Here's just the top of it - I couldn't be bothered scanning it 4 times again, and then patching them together.


I'm not quite decided on how to decorate the illuminated letter. I'm not going to do a historiated letter, as per the original, coz I can't draw people and don't want to make a nieve attempt and have it look less good than it might if I use a technique I'm familiar with.
So I'm thinking diapering.

The other thing I haven't done is the line endings. I wanted to wait until I had done the final piece, to see exactly what spaces I ended up with.

I have done the writing "for real" on the Arches HP now.

I used a student grade Sumi ink.

It was a bit of a struggle - the Sumi is a bit on the thicker side, and I write so slowly with this script that that gravity wasn't helping the ink flow much. I wrote with an overloaded pen.
(my Brause LH 1.5). It does give the writing a bit of shine, and raise above the paper though.

Of course, there are lots of minor mistakes, where I could have done better. Probably doing it in one hit isn't the best idea, but I wanted to 'just do it'.

If I did it again, I'd probably do a different set of minor mistakes. Nothing than normal people would pick up, only calligraphers that know the script.

I'm up to tracing the design onto the Arches. :-) then begins the gilding! :-) I'm going to do flat gilding.

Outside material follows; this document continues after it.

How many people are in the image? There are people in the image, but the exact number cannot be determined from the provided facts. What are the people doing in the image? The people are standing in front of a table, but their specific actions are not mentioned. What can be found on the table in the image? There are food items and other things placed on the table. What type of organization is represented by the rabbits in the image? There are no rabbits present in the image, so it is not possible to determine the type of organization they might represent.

I'm not good enough with gesso to do the amount of gilding required for this piece - there's a huge amount. I'll have to practise gesso on other smaller pieces - but not this baby.

I'm dissolving some gum arabic crystals in water in preparation for the gilding. I haven't used it before - I thought the lumps would be really hard to break up, but they aren't. My fingers smell all piney.

I'm going to have a problem showing progress on the piece. Sticking it in the scanner will bend the paper. It's 40 x 50 cm big, including the margins. I hope to take it to a friend with a camera occasionally.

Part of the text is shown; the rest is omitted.